• [Task instructions] Exactly as they appear, retype the lines from the one containing "Task: Navigate to" through the final line of the data below. Leave pictures out.

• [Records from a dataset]
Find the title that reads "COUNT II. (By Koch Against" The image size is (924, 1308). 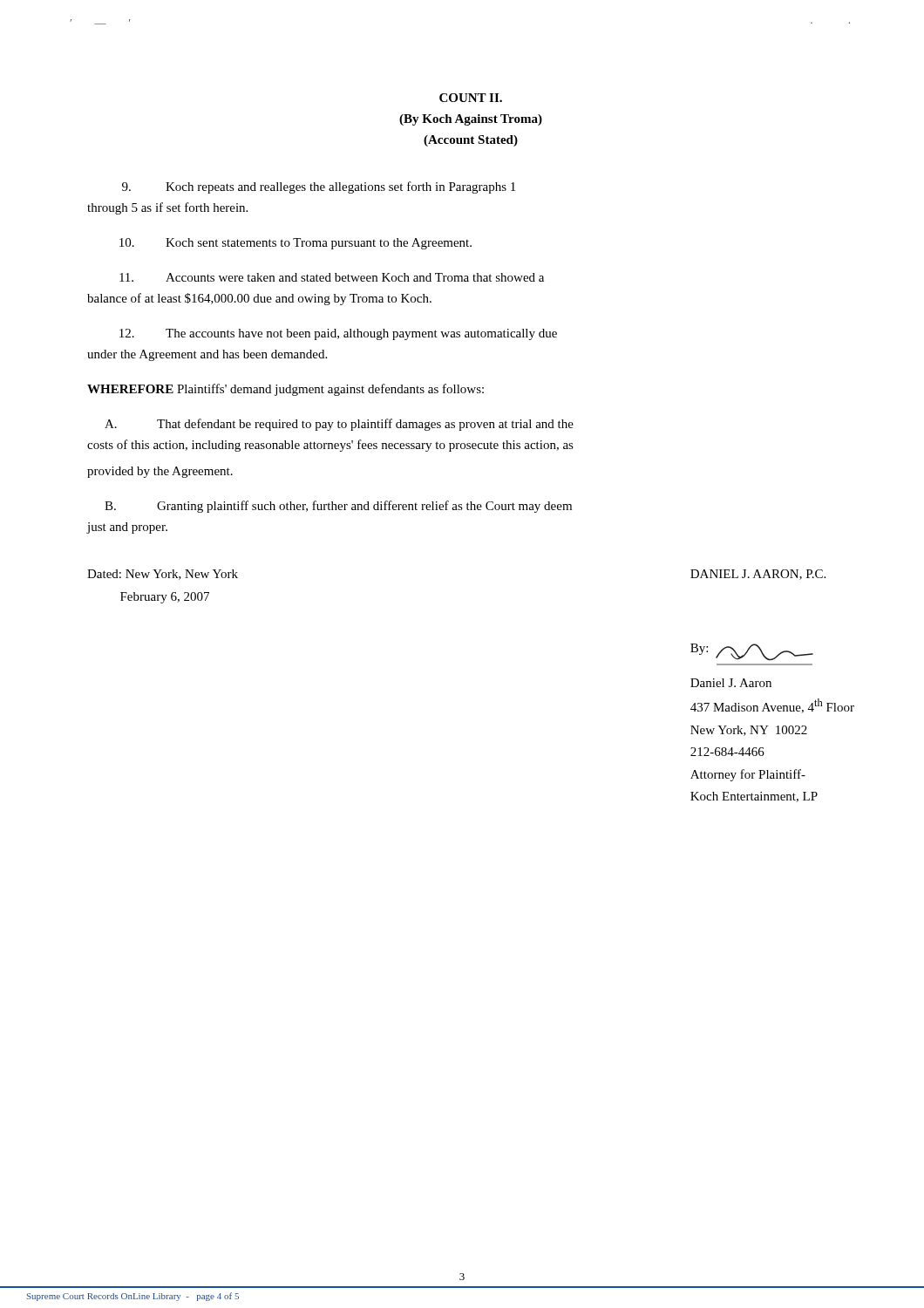click(471, 119)
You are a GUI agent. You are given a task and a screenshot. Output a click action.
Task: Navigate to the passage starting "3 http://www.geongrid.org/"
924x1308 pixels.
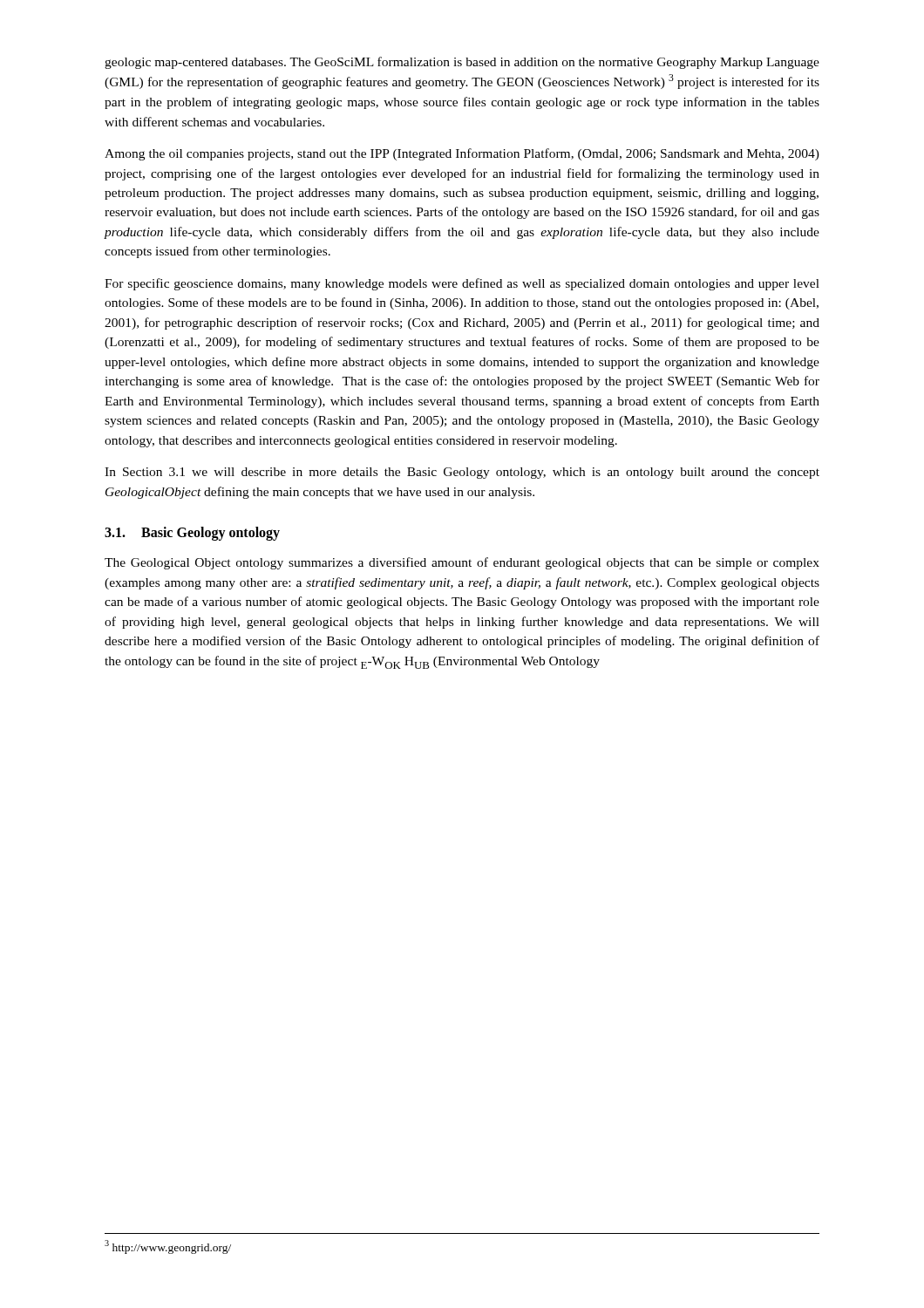pos(168,1246)
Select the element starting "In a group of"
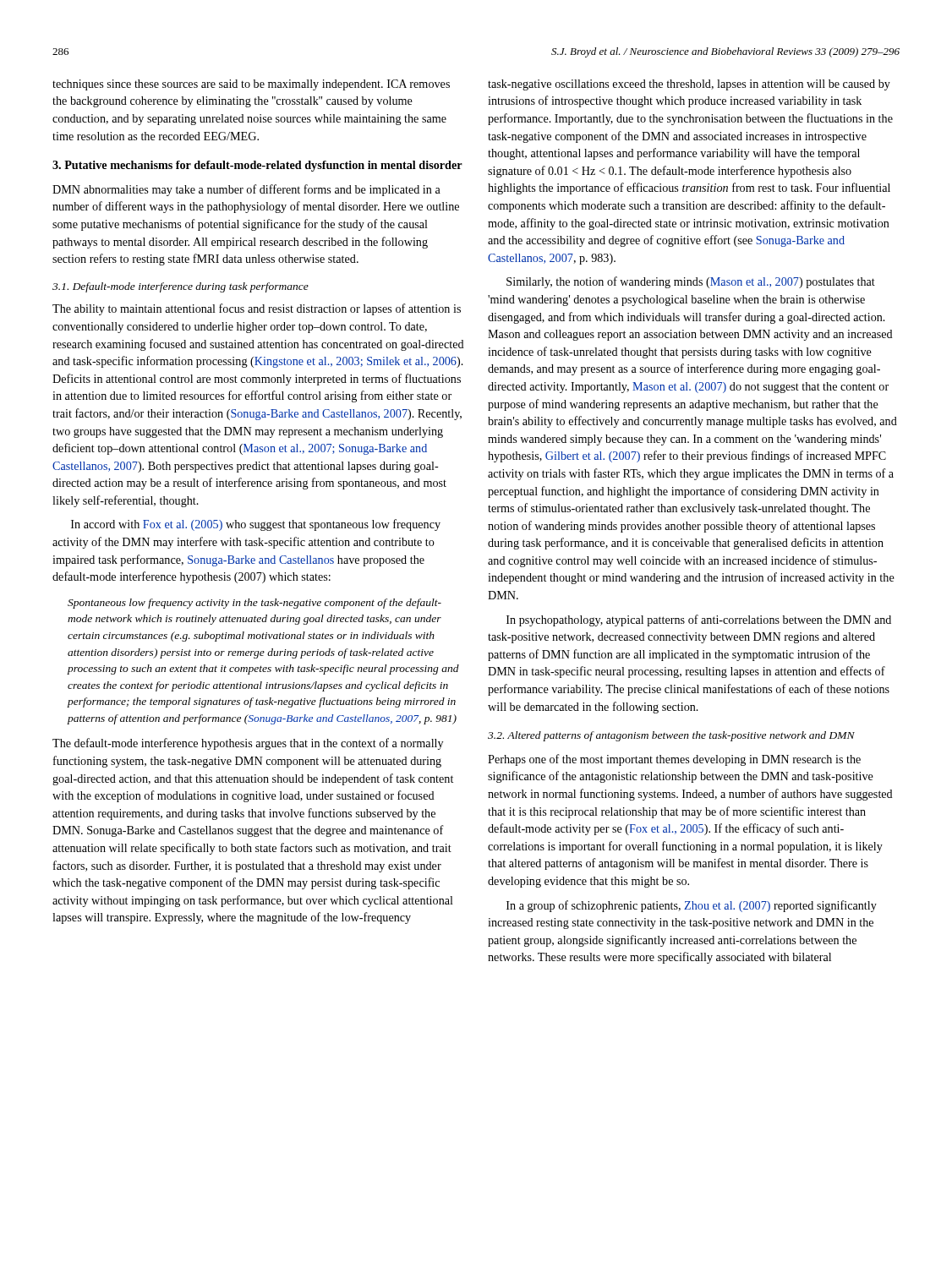The image size is (952, 1268). point(694,931)
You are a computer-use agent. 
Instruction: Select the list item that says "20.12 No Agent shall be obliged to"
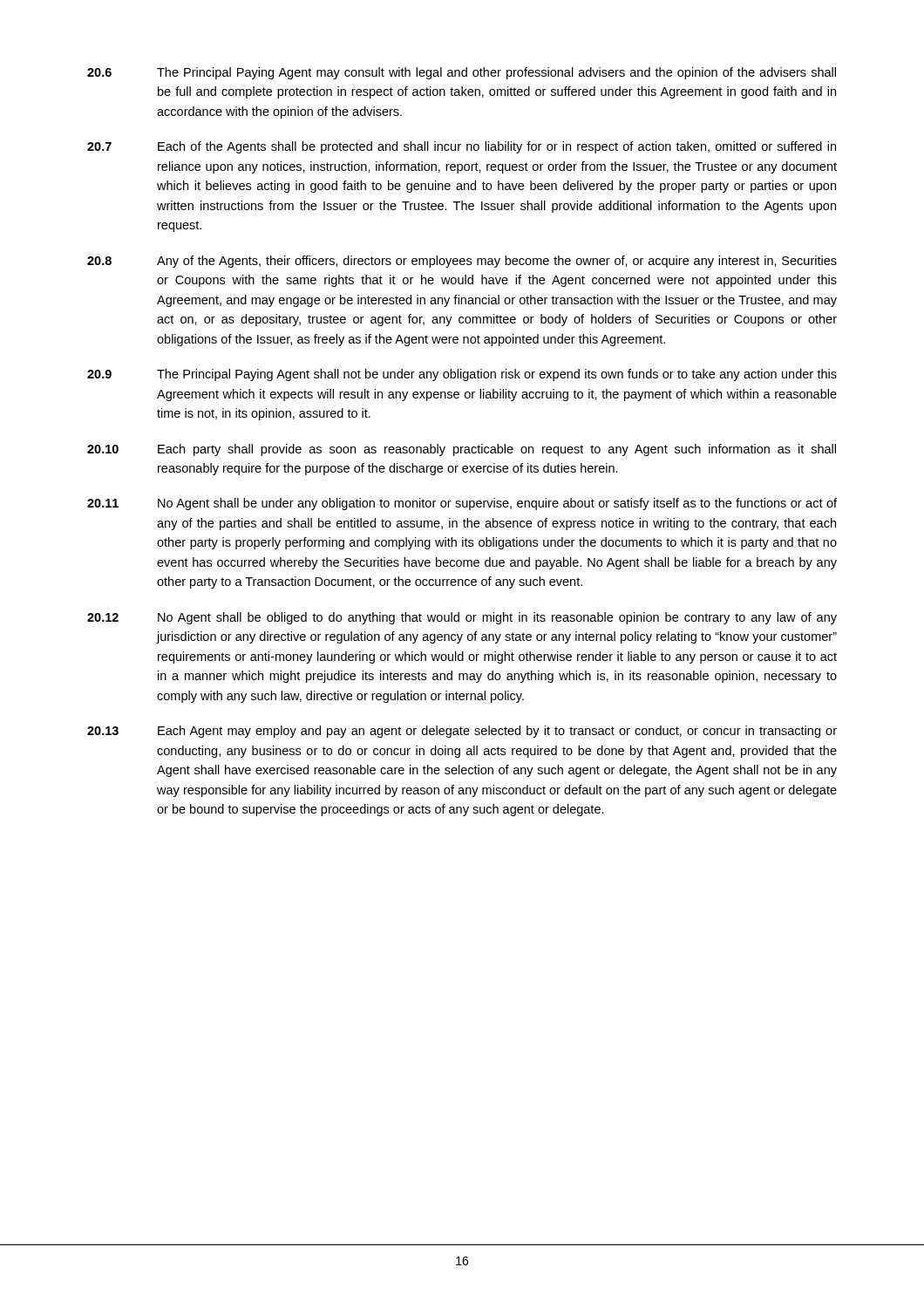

• [Your response]
Task: Navigate to the passage starting "3 http://www.geongrid.org/"
924x1308 pixels.
pos(168,1246)
Select the element starting "In a group of"
The image size is (952, 1268). point(694,931)
You are a computer-use agent. 
Instruction: Select the list item that says "20.12 No Agent shall be obliged to"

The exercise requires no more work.